**Supplied material**

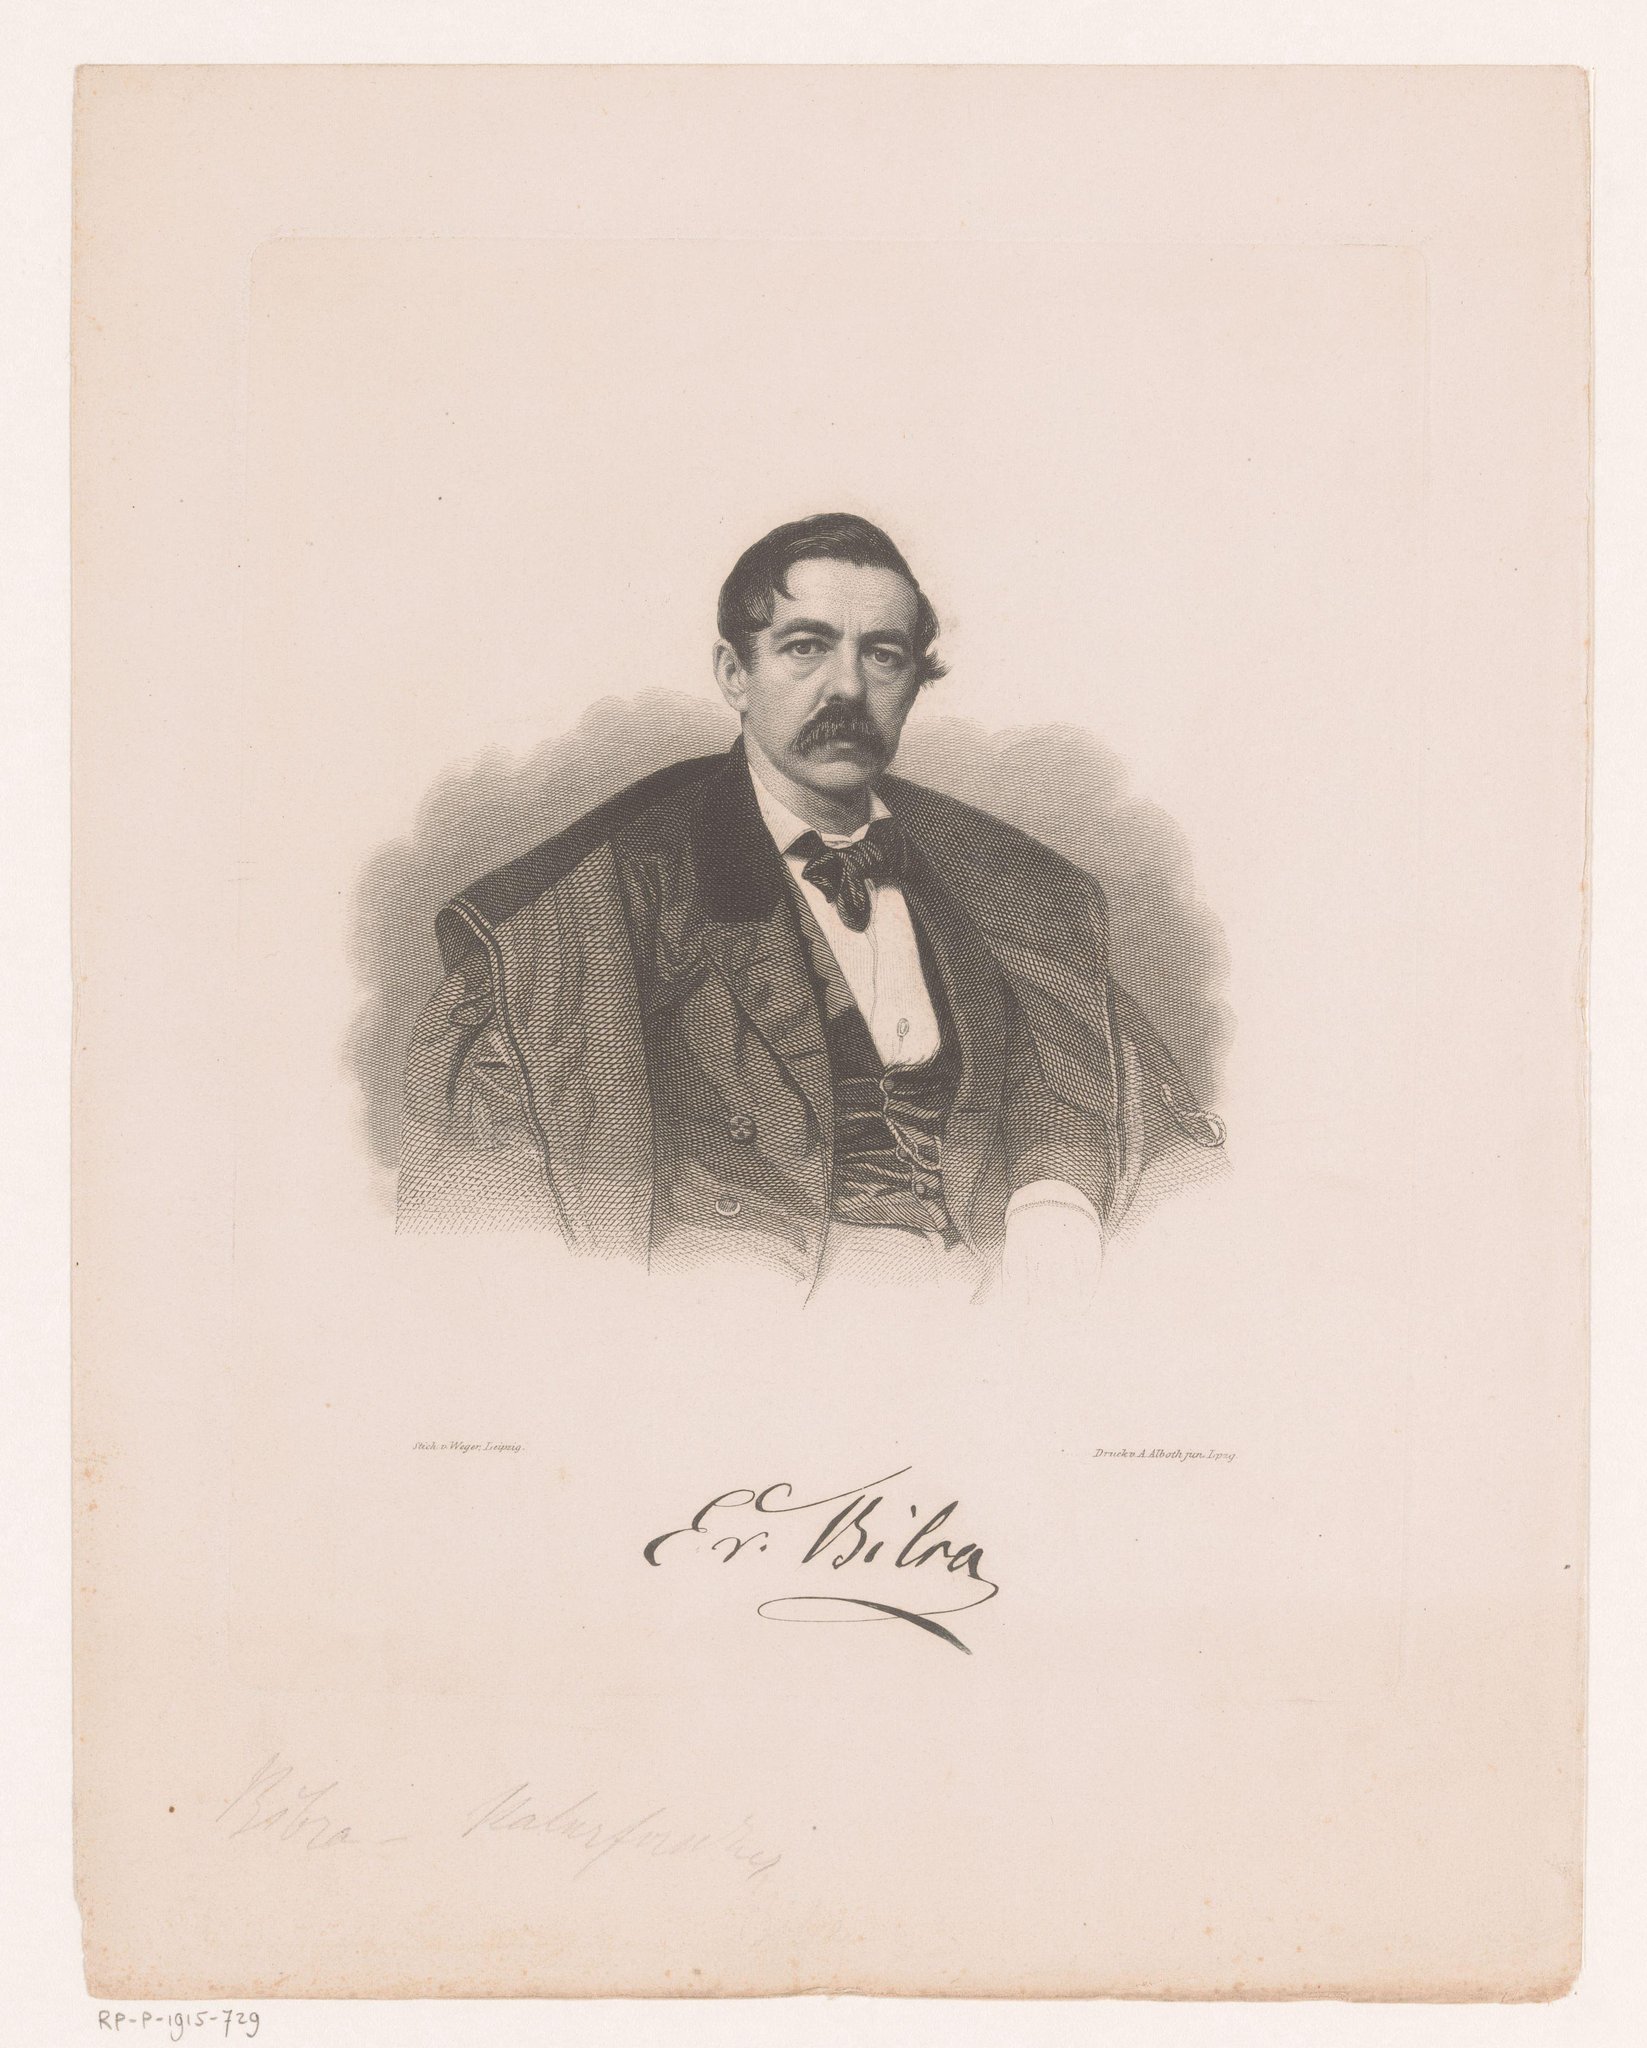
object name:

* * *

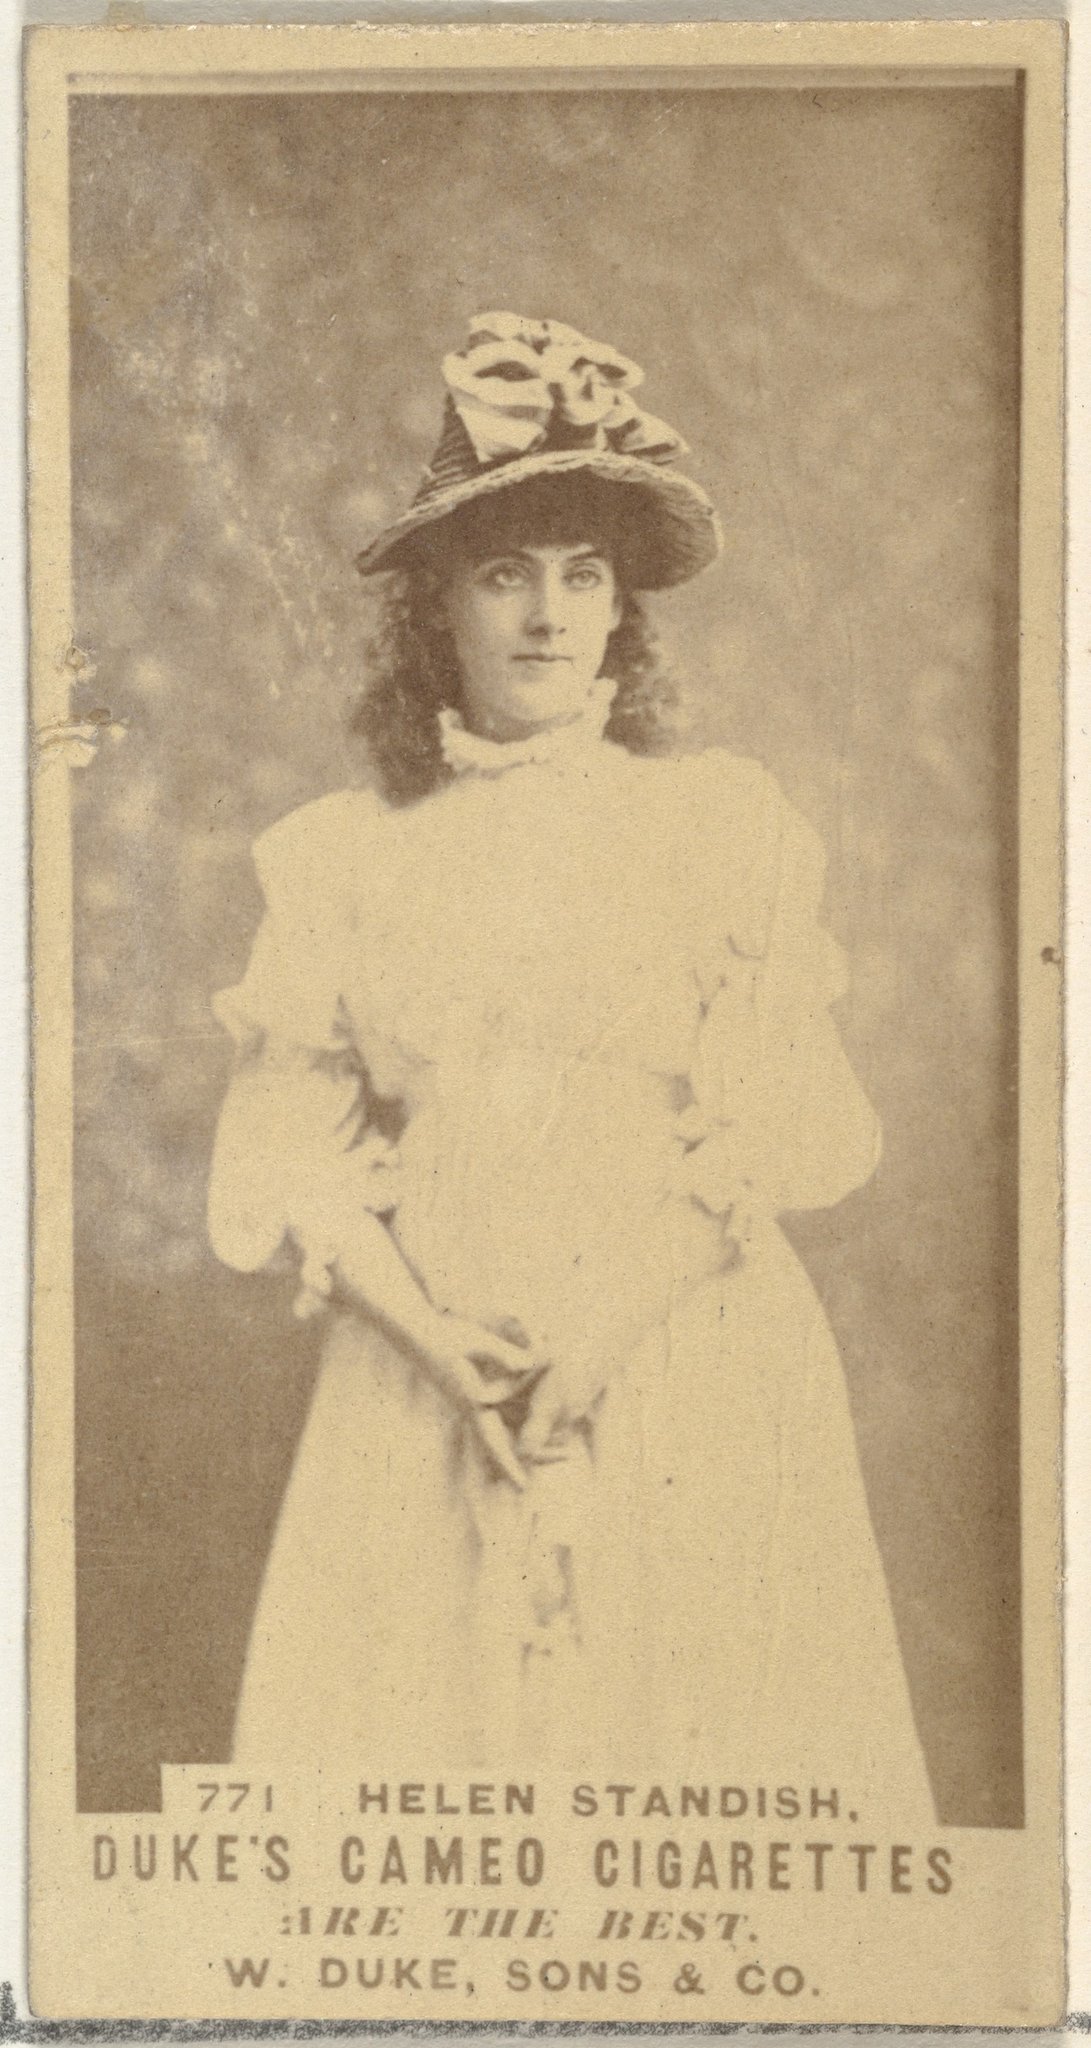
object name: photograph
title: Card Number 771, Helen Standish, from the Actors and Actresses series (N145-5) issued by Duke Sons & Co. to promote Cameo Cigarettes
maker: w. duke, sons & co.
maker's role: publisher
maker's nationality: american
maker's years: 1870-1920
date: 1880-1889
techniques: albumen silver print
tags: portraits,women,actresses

--

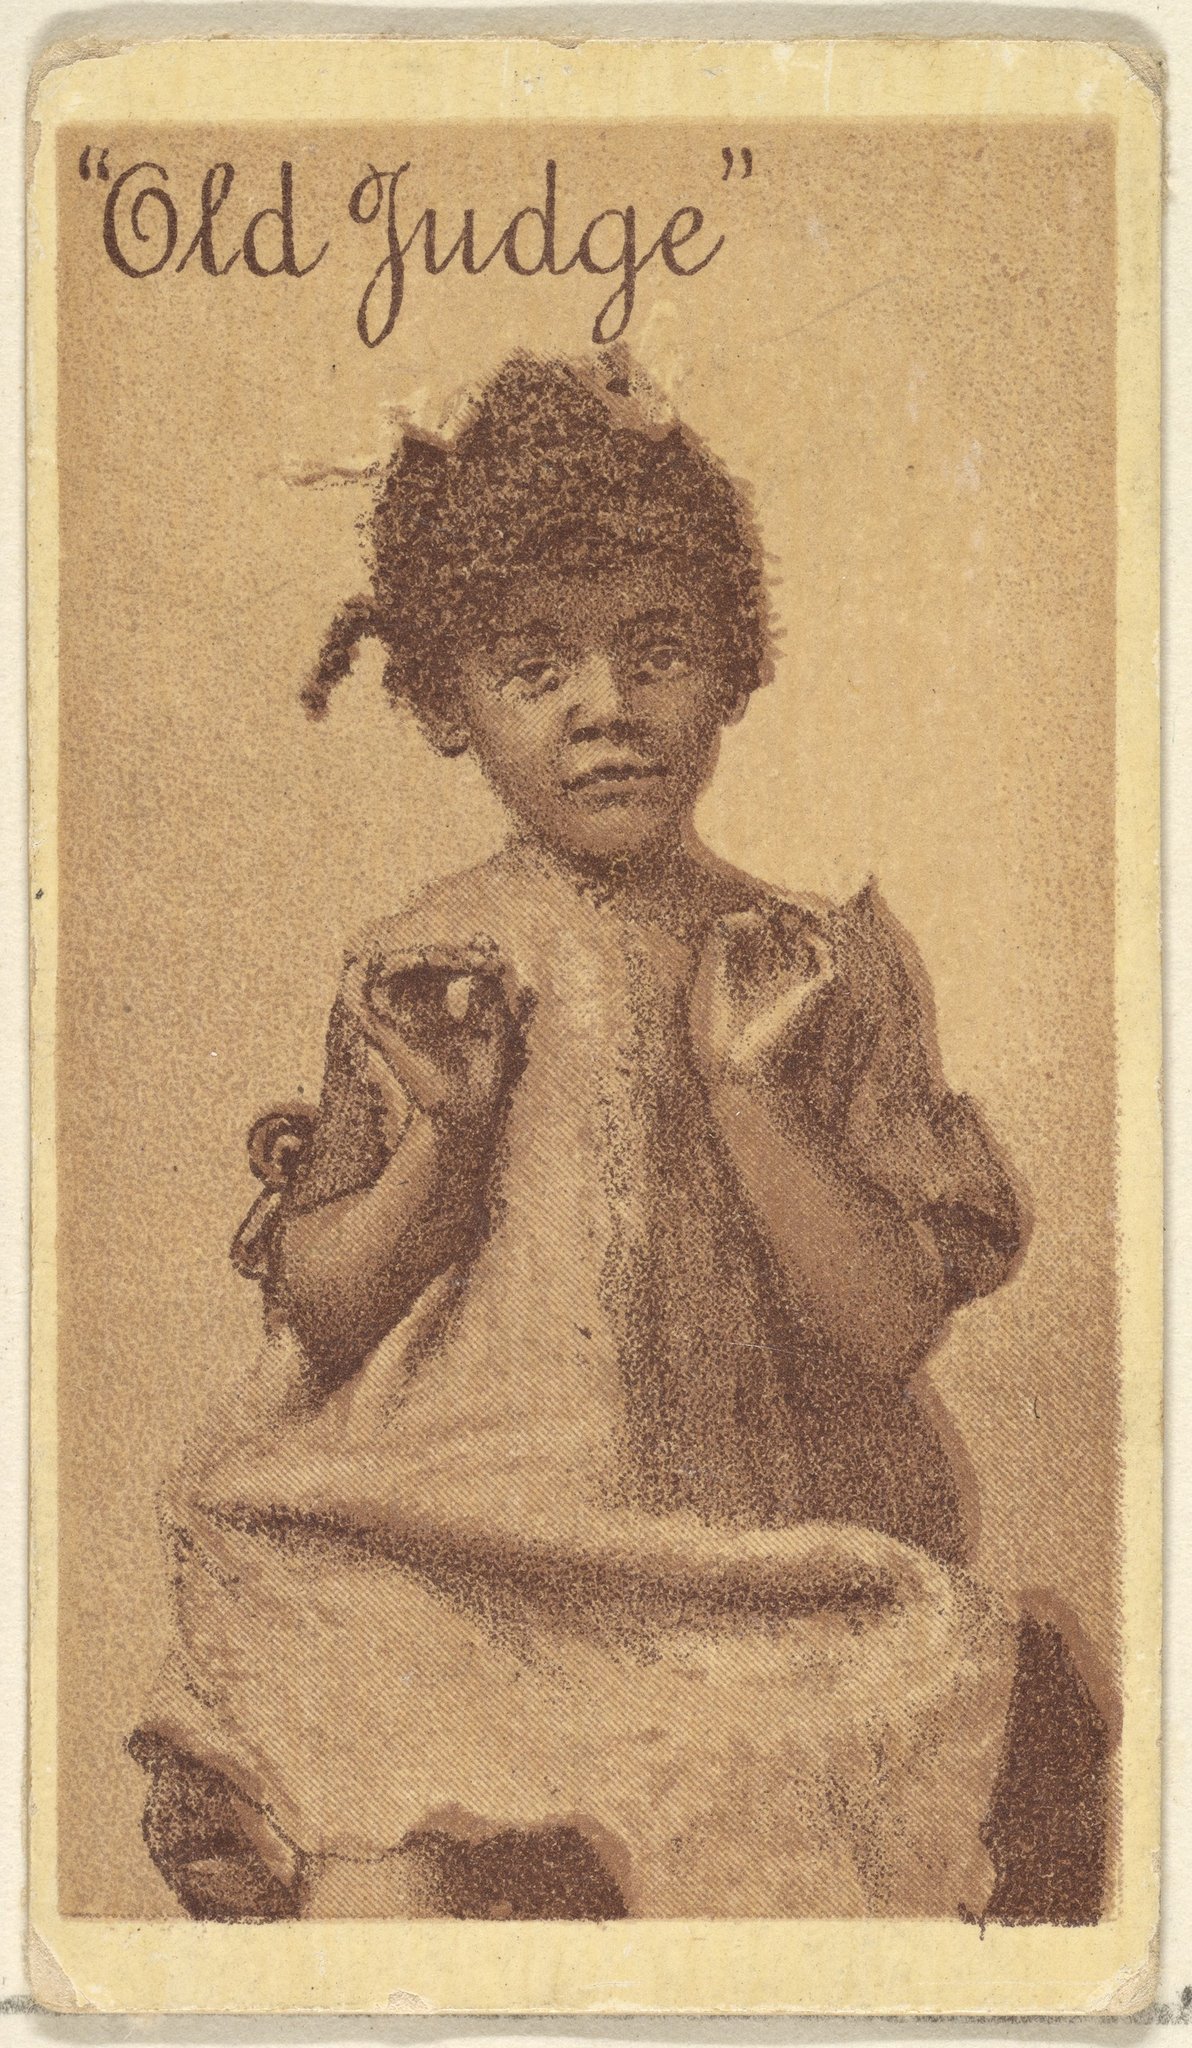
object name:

**What this task involves**
Please give back exactly the lines of the listing above that run from the one containing "title: Card Number" through the one containing "tags: portraits,women,actresses", and only those.

**Task answer**
title: Card Number 771, Helen Standish, from the Actors and Actresses series (N145-5) issued by Duke Sons & Co. to promote Cameo Cigarettes
maker: w. duke, sons & co.
maker's role: publisher
maker's nationality: american
maker's years: 1870-1920
date: 1880-1889
techniques: albumen silver print
tags: portraits,women,actresses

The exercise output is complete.